BEGIN Provided entries
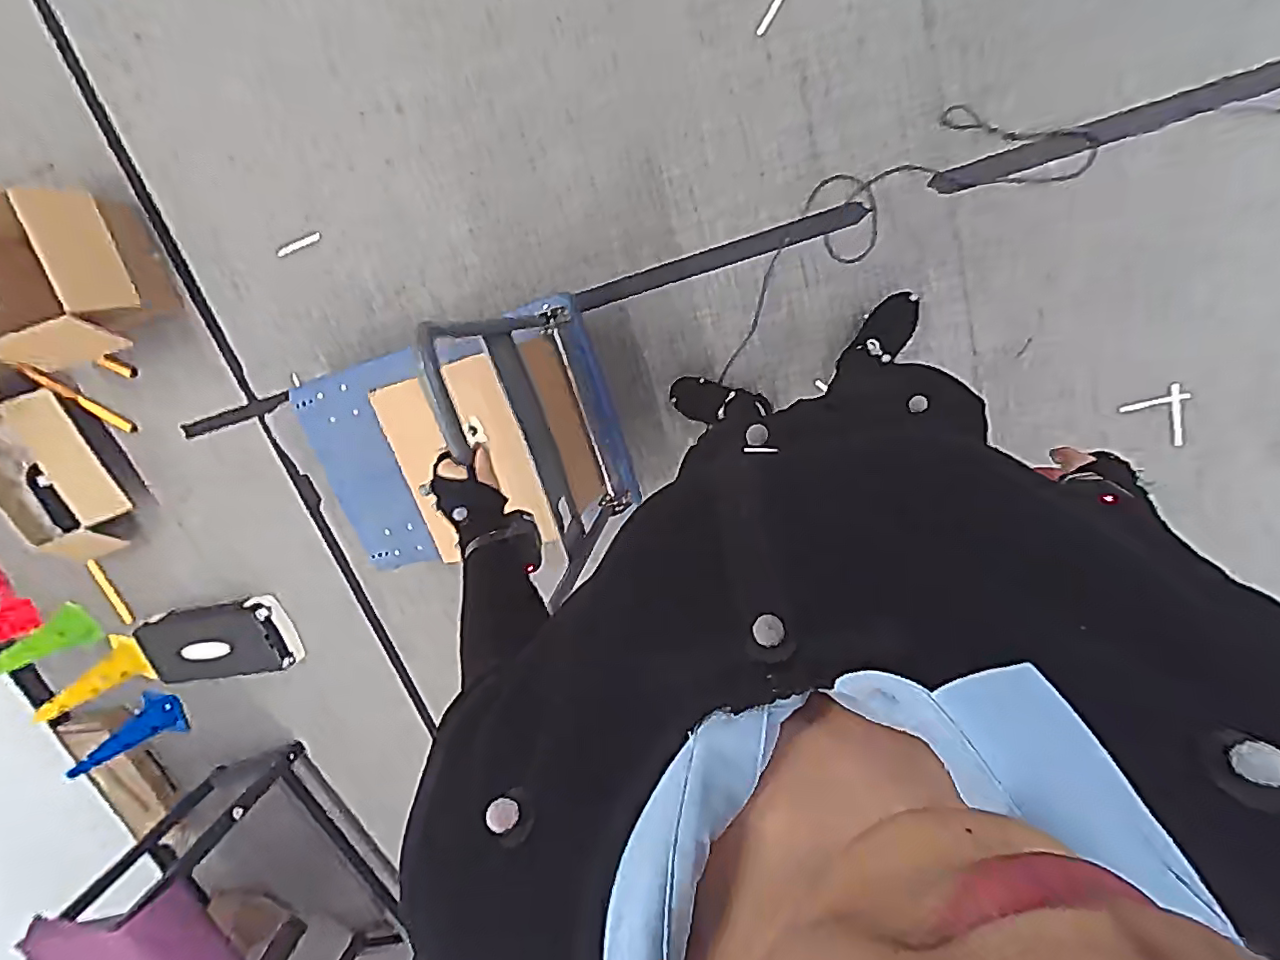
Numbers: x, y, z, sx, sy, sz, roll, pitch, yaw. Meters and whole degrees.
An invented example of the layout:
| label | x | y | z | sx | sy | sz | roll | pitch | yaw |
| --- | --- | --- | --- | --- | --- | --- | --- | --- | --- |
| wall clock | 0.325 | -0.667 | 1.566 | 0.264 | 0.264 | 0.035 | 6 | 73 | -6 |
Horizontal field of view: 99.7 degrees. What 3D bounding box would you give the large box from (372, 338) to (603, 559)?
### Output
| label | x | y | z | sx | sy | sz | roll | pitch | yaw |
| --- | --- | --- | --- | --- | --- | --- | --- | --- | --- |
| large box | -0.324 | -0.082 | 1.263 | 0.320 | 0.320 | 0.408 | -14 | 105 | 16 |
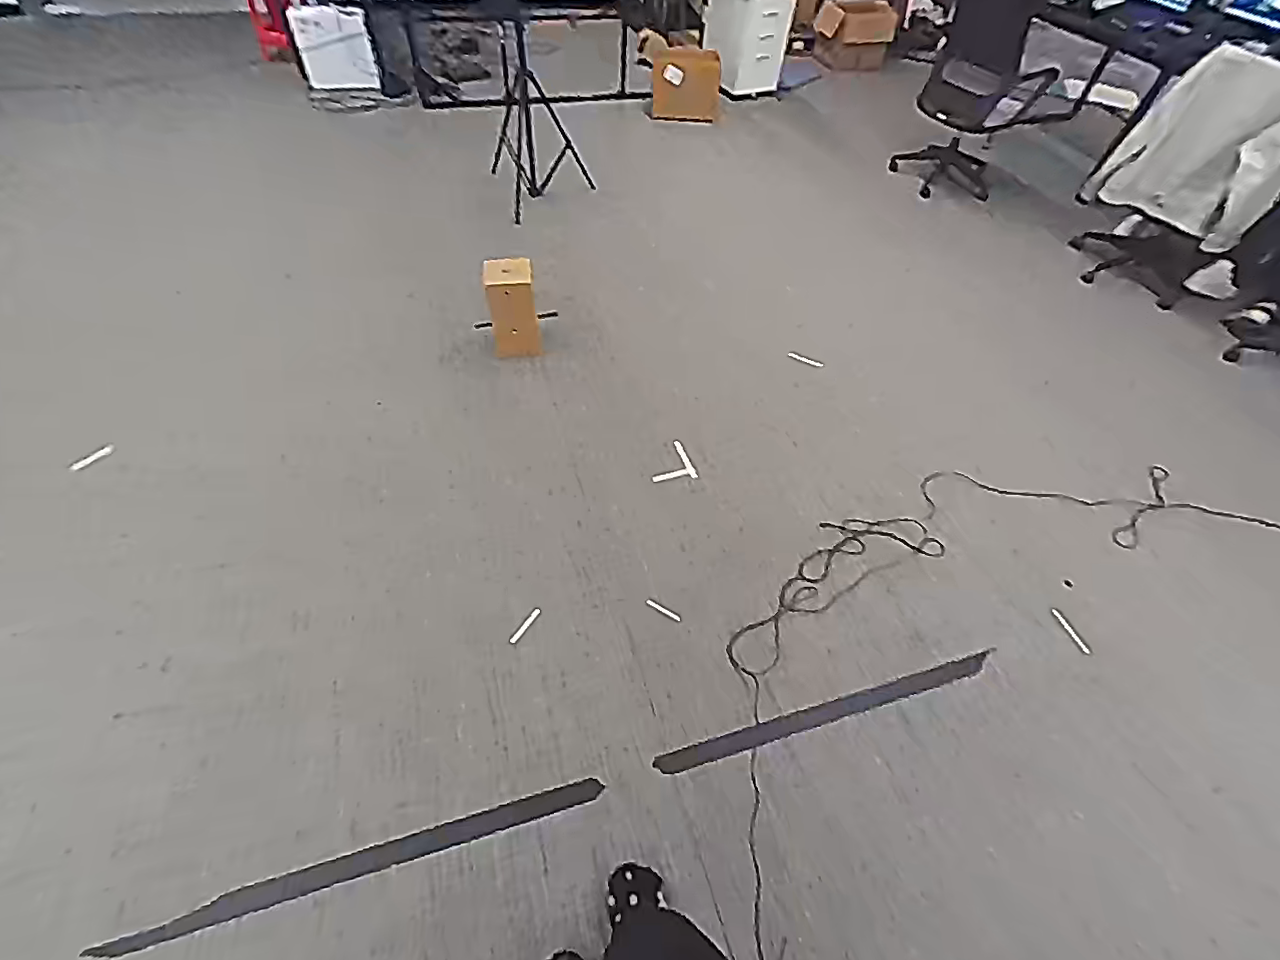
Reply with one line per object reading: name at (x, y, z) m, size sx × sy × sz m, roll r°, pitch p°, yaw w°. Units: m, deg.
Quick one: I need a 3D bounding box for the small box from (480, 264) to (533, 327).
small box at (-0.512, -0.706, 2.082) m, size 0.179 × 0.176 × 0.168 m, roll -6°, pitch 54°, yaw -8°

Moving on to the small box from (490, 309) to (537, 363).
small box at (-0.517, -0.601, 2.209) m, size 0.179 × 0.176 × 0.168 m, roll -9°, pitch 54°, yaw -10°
END Provided entries
## Aim of the task
In the lines above, find each one with "degrees" and list it.

## Answer to this exercise
Numbers: x, y, z, sx, sy, sz, roll, pitch, yaw. Meters and whole degrees.
Horizontal field of view: 99.7 degrees. What 3D bounding box would you give the large box from (372, 338) to (603, 559)?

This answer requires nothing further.